To document the absence (or presence) of any small numerical differences, we compute maximum absolute differences on numeric columns. If byte-level identity holds, all these diagnostics should be exactly zero; they are nevertheless informative if a future platform breaks strict identity.

```{r}
max_abs_diff <- function(x, y) {

# Vector case

if (is.null(dim(x)) && is.null(dim(y))) {
if (is.numeric(x) && is.numeric(y) && length(x) == length(y)) {
return(max(abs(x - y), na.rm = TRUE))
} else {
return(NA_real_)
}
}

# Data frame case

if (is.data.frame(x) && is.data.frame(y)) {
common <- intersect(names(x), names(y))
if (length(common) == 0L) return(NA_real_)

numeric_cols <- common[
  vapply(x[common], is.numeric, TRUE) &
  vapply(y[common], is.numeric, TRUE)
]

if (length(numeric_cols) == 0L) return(NA_real_)

mx <- 0
for (nm in numeric_cols) {
  d <- max(abs(x[[nm]] - y[[nm]]), na.rm = TRUE)
  if (is.finite(d) && d > mx) mx <- d
}
return(mx)


}

# Fallback

NA_real_
}

cat(sprintf("  • Max |Δ| metrics (numeric drift): %s\n",
formatC(max_abs_diff(m1, m2), format = "g")))
cat(sprintf("  • Max |Δ| AE cashflows: %s\n",
formatC(max_abs_diff(ae1, ae2), format = "g")))
cat(sprintf("  • Max |Δ| LV cashflows: %s\n",
formatC(max_abs_diff(lv1, lv2), format = "g")))
cat(sprintf("  • Max |Δ| comparison summary: %s\n",
formatC(max_abs_diff(sm1, sm2), format = "g")), "\n")

```

## Interpretation

The results obtained in this vignette show that:

Core scalar metrics (irr_project, npv_project, irr_equity, npv_equity) are exactly identical at the byte level across two runs with the same configuration.

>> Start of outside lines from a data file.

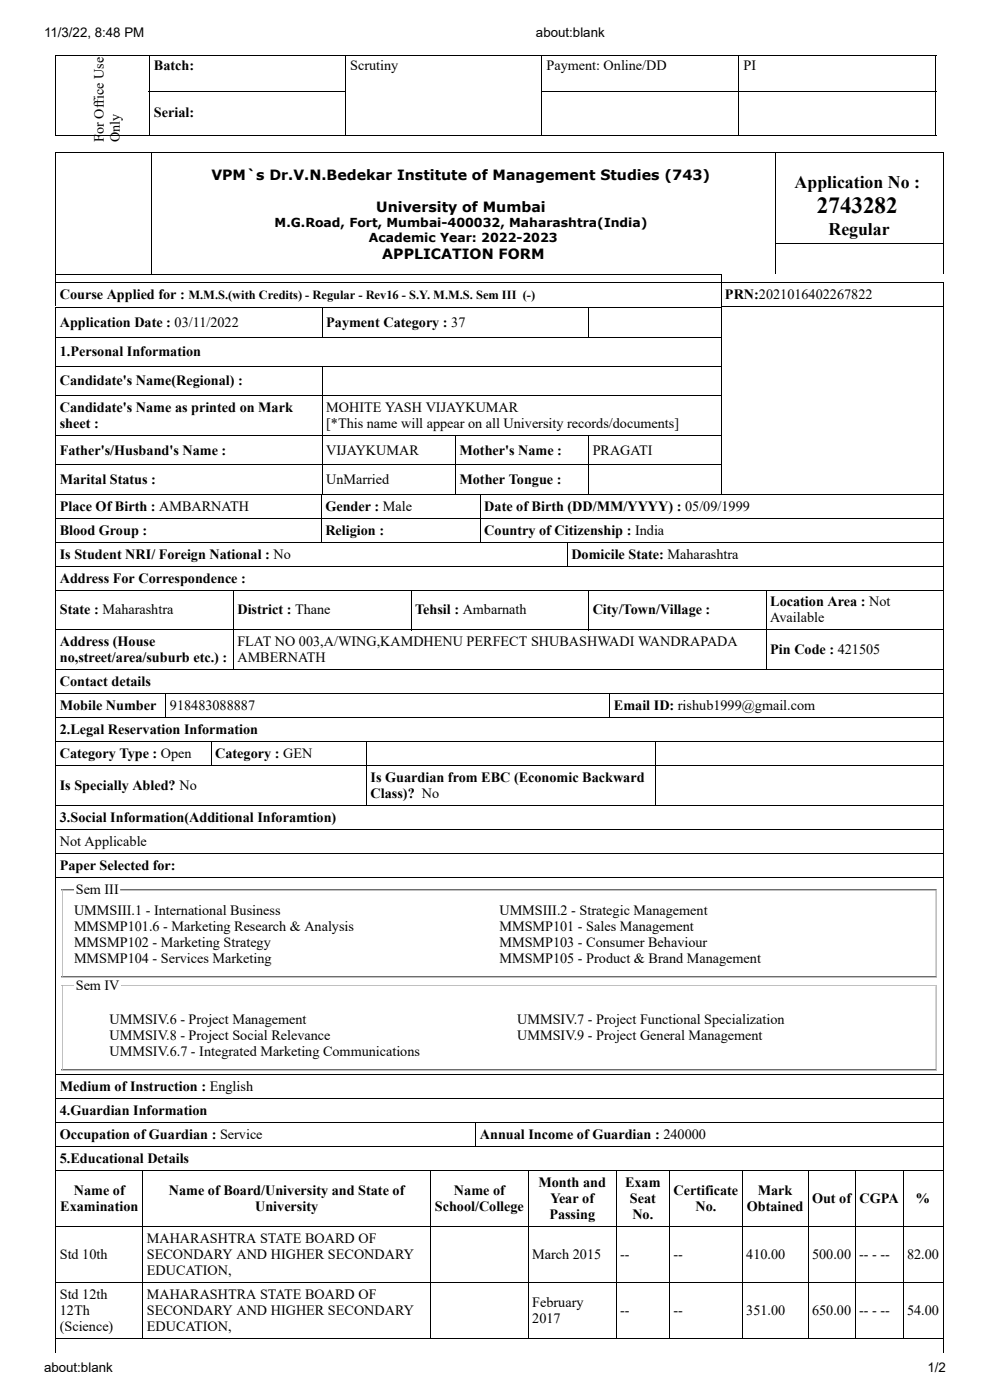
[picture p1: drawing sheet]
<svg xmlns="http://www.w3.org/2000/svg" width="210mm" height="297mm" viewBox="0 0 210 297" stroke-linecap="round" stroke-linejoin="round" font-family="sans-serif">
<defs><g id="words">
<text font-size="4.9" x="173.2" y="45.3">2743282</text>
<g font-size="3.8">
<text x="168.5" y="40">Application No :</text>
<text x="175.7" y="50">Regular</text>
</g>
<g font-size="3">
<text x="32.6" y="14.9">Batch:</text>
<text x="74.2" y="14.9">Scrutiny</text>
<text x="115.9" y="14.9">Payment: Online/DD</text>
<text x="157.7" y="14.9">PI</text>
<text x="32.6" y="24.9">Serial:</text>
<text x="22" y="30.1" transform="rotate(-90 22 30.1)">For Office Use</text>
<text x="25.4" y="30.1" transform="rotate(-90 25.4 30.1)">Only</text>
<text x="44.8" y="38.1">VPM`s Dr.V.N.Bedekar Institute of Management Studies (743)</text>
<text x="79.8" y="44.9">University of Mumbai</text>
<text x="81.1" y="54.9">APPLICATION FORM</text>
<text x="12.7" y="63.3">Course Applied for :</text>
<text x="153.7" y="63.3">PRN:2021016402267822</text>
<text x="12.7" y="69.4">Application Date : 03/11/2022</text>
<text x="69.2" y="69.4">Payment Category : 37</text>
<text x="12.7" y="75.6">1.Personal Information</text>
<text x="12.7" y="81.8">Candidate's Name(Regional) :</text>
<text x="12.7" y="87.4">Candidate's Name as printed on Mark</text>
<text x="69.2" y="87.4">MOHITE YASH VIJAYKUMAR</text>
<text x="12.7" y="90.8">sheet :</text>
<text x="69.2" y="90.8">[*This name will appear on all University records/documents]</text>
<text x="12.7" y="96.5">Father's/Husband's Name :</text>
<text x="69.2" y="96.5">VIJAYKUMAR</text>
<text x="97.4" y="96.5">Mother's Name :</text>
<text x="125.7" y="96.5">PRAGATI</text>
<text x="12.7" y="102.7">Marital Status :</text>
<text x="69.2" y="102.7">UnMarried</text>
<text x="97.4" y="102.7">Mother Tongue :</text>
<text x="12.7" y="108.3">Place Of Birth : AMBARNATH</text>
<text x="12.7" y="113.4">Blood Group :</text>
<text x="69" y="108.3">Gender : Male</text>
<text x="69" y="113.4">Religion :</text>
<text x="102.7" y="108.3">Date of Birth (DD/MM/YYYY) : 05/09/1999</text>
<text x="102.7" y="113.4">Country of Citizenship : India</text>
<text x="12.7" y="118.5">Is Student NRI/ Foreign National : No</text>
<text x="121.1" y="118.5">Domicile State: Maharashtra</text>
<text x="12.7" y="123.6">Address For Correspondence :</text>
<text x="12.7" y="130.4">State : Maharashtra</text>
<text x="50.3" y="130.4">District : Thane</text>
<text x="88" y="130.4">Tehsil : Ambarnath</text>
<text x="125.7" y="130.4">City/Town/Village :</text>
<text x="163.3" y="128.7">Location Area : Not</text>
<text x="12.7" y="137.1">Address (House</text>
<text x="50.3" y="137.1">FLAT NO 003,A/WING,KAMDHENU PERFECT SHUBASHWADI WANDRAPADA</text>
<text x="163.3" y="132.1">Available</text>
<text x="12.7" y="140.5">no,street/area/suburb etc.) :</text>
<text x="50.3" y="140.5">AMBERNATH</text>
<text x="163.3" y="138.8">Pin Code : 421505</text>
<text x="12.7" y="145.6">Contact details</text>
<text x="12.7" y="150.7">Mobile Number</text>
<text x="12.7" y="155.8">2.Legal Reservation Information</text>
<text x="36" y="150.7">918483088887</text>
<text x="130.2" y="150.7">Email ID: rishub1999@gmail.com</text>
<text x="12.7" y="160.9">Category Type : Open</text>
<text x="45.6" y="160.9">Category : GEN</text>
<text x="12.7" y="167.6">Is Specially Abled? No</text>
<text x="78.6" y="165.9">Is Guardian from EBC (Economic Backward</text>
<text x="78.6" y="169.3">Class)? No</text>
<text x="12.7" y="174.4">3.Social Information(Additional Inforamtion)</text>
<text x="12.7" y="179.5">Not Applicable</text>
<text x="12.7" y="184.6">Paper Selected for:</text>
<text x="16.1" y="189.7">Sem III</text>
<text x="15.7" y="194.2">UMMSIII.1 - International Business</text>
<text x="15.7" y="197.6">MMSMP101.6 - Marketing Research &amp; Analysis</text>
<text x="105.9" y="194.2">UMMSIII.2 - Strategic Management</text>
<text x="105.9" y="197.6">MMSMP101 - Sales Management</text>
<text x="15.7" y="201">MMSMP102 - Marketing Strategy</text>
<text x="105.9" y="201">MMSMP103 - Consumer Behaviour</text>
<text x="15.7" y="204.4">MMSMP104 - Services Marketing</text>
<text x="105.9" y="204.4">MMSMP105 - Product &amp; Brand Management</text>
<text x="16.1" y="210">Sem IV</text>
<text x="23.2" y="217.3">UMMSIV.6 - Project Management</text>
<text x="23.2" y="220.7">UMMSIV.8 - Project Social Relevance</text>
<text x="109.6" y="217.3">UMMSIV.7 - Project Functional Specialization</text>
<text x="109.6" y="220.7">UMMSIV.9 - Project General Management</text>
<text x="23.2" y="224.1">UMMSIV.6.7 - Integrated Marketing Communications</text>
<text x="12.7" y="231.5">Medium of Instruction : English</text>
<text x="12.7" y="236.6">4.Guardian Information</text>
<text x="12.7" y="241.6">Occupation of Guardian : Service</text>
<text x="101.7" y="241.6">Annual Income of Guardian : 240000</text>
<text x="12.7" y="246.7">5.Educational Details</text>
<text x="114.2" y="251.8">Month and</text>
<text x="132.5" y="251.8">Exam</text>
<text x="12.8" y="256.9">Examination</text>
<text x="15.7" y="253.5">Name of</text>
<text x="35.8" y="253.5">Name of Board/University and State of</text>
<text x="54.1" y="256.9">University</text>
<text x="92.2" y="256.9">School/College</text>
<text x="96.2" y="253.5">Name of</text>
<text x="116.7" y="255.2">Year of</text>
<text x="133.5" y="255.2">Seat</text>
<text x="142.8" y="253.5">Certificate</text>
<text x="147.4" y="256.9">No.</text>
<text x="158.3" y="256.9">Obtained</text>
<text x="160.7" y="253.5">Mark</text>
<text x="172.2" y="255.2">Out of</text>
<text x="182.2" y="255.2">CGPA</text>
<text x="194.2" y="255.2">%</text>
<text x="31.1" y="263.7">MAHARASHTRA STATE BOARD OF</text>
<text x="116.5" y="258.6">Passing</text>
<text x="134.1" y="258.6">No.</text>
<text x="12.7" y="267.1">Std 10th</text>
<text x="31.1" y="267.1">SECONDARY AND HIGHER SECONDARY</text>
<text x="112.8" y="267.1">March 2015</text>
<text x="131.5" y="267.1">--</text>
<text x="142.8" y="267.1">--</text>
<text x="158.2" y="267.1">410.00</text>
<text x="172.2" y="267.1">500.00</text>
<text x="182.1" y="267.1">-- - --</text>
<text x="192.3" y="267.1">82.00</text>
<text x="12.7" y="275.5">Std 12th</text>
<text x="31.1" y="270.4">EDUCATION,</text>
<text x="31.1" y="275.5">MAHARASHTRA STATE BOARD OF</text>
<text x="12.7" y="278.9">12Th</text>
<text x="31.1" y="278.9">SECONDARY AND HIGHER SECONDARY</text>
<text x="112.8" y="277.2">February</text>
<text x="112.8" y="280.6">2017</text>
<text x="131.5" y="278.9">--</text>
<text x="142.8" y="278.9">--</text>
<text x="158.2" y="278.9">351.00</text>
<text x="172.2" y="278.9">650.00</text>
<text x="182.1" y="278.9">-- - --</text>
<text x="192.3" y="278.9">54.00</text>
<text x="12.7" y="282.3">(Science)</text>
<text x="31.1" y="282.3">EDUCATION,</text>
</g>
<g font-size="2.8">
<text x="9.3" y="7.8">11/3/22, 8:48 PM</text>
<text x="113.6" y="7.8">about:blank</text>
<text x="9.3" y="291">about:blank</text>
<text x="196.6" y="291">1/2</text>
</g>
<g font-size="2.6">
<text x="58.2" y="48.1">M.G.Road, Fort, Mumbai-400032, Maharashtra(India)</text>
<text x="78.2" y="51.3">Academic Year: 2022-2023</text>
<text x="40" y="63.3">M.M.S.(with Credits) - Regular - Rev16 - S.Y. M.M.S. Sem III (-)</text>
</g>
</g></defs>
<g fill="none" stroke="#000" stroke-width=".21">
<path d="M11.7 11.8h186.8M11.8 11.7v17.2M31.5 19.4h41.8M31.6 11.7v17.2M73.2 11.7v17.2M114.7 19.4h83.8M114.8 11.7v17.2M156.6 11.7v17.2M198.4 11.7v17.2M11.7 28.8h186.8M11.7 32.4h188.3M11.8 32.3v25.8"/>
<path d="M32.2 32.3v25.8M164.3 32.3v25.8M199.9 32.3v25.8M11.7 59.8h188.3M11.7 58.1h141.3M11.8 59.8v5M152.9 59.8v45M164.3 51.7h35.7M199.9 59.8v227.3M11.7 77.7h141.3M11.7 71.5h141.3M11.7 65.3h141.3"/>
<path d="M11.8 65.2v221.9M68.3 65.2v6.4M68.3 77.6v27.2M124.8 65.2v6.4M152.8 64.9h47.2M11.7 92.4h141.3M11.7 98.6h141.3M11.7 83.9h141.3M96.6 92.3v12.5M124.8 92.3v12.5M11.7 104.8h188.3M11.7 109.9h188.3"/>
<path d="M11.7 115h188.3M68.1 104.8v10.1M101.8 104.8v10.1M120.3 114.9v5.1M11.7 133.7h188.3M11.7 125.2h188.3M11.7 120.1h188.3M49.5 125.1v16.9M87.1 125.1v8.6M124.8 125.1v8.6M162.5 125.1v16.9M11.7 147.2h188.3"/>
<path d="M11.7 152.3h188.3M11.7 142.1h188.3M11.7 157.4h188.3M35.2 147.1v5.3M44.8 157.3v5.3M77.7 157.3v13.5M129.3 147.1v5.3M138.9 157.3v13.5M11.7 162.5h188.3M11.7 170.9h188.3M11.7 176h188.3M11.7 181.1h188.3"/>
<path d="M11.7 186.2h188.3M11.7 228h188.3M11.7 238.2h188.3M11.7 233.1h188.3M100.9 238.1v5M11.7 243.2h188.3M11.7 248.3h188.3M30.3 248.2v35.6M91.3 248.2v35.6M112 248.2v35.6M130.6 248.2v35.6M141.9 248.2v35.6"/>
<path d="M157.4 248.2v35.6M171.3 248.2v35.6M181.3 248.2v35.6M191.5 248.2v35.6M11.7 272h188.3M11.7 260.2h188.3M11.7 283.9h188.3"/>
</g>
<path d="M11.7 58.1h.2v1.8h-.2zM152.8 58.1h.2v1.8h-.2zM152.8 64.8h.2v.6h-.2z" fill="#000"/>
<path d="M13.1 188.6h185.6M13.1 188.5v18.9M198.4 188.5v18.9M13.1 207.1h185.6M13.1 209h185.6M13.1 208.9v18.2M198.4 208.9v18.2M13.1 226.9h185.6" fill="none" stroke="#6c6c6c" stroke-width=".21"/>
<path d="M13.1 188.8h185.6M13.3 188.5v18.9M198.6 188.5v18.9M13.1 207.3h185.6M13.1 209.2h185.6M13.3 208.9v18.2M198.6 208.9v18.2M13.1 227h185.6" fill="none" stroke="#c0c0c0" stroke-width=".21"/>
<use href="#words"/>
</svg>

Key tabular outputs (all-equity cashflows, leveraged cashflows, comparison summary) are also byte-identical.

The maximum absolute differences on numeric entries are zero, confirming the absence of hidden numerical drift in this environment.

This establishes that run_case() behaves as a deterministic map from a validated YAML configuration to a structured output object, which is a strong form of reproducibility in computational finance:

identical YAML files ⇒ identical DCF outputs,

any divergence in valuation metrics must therefore be traced to explicit differences in configuration, not to stochastic elements or unstable numerical routines.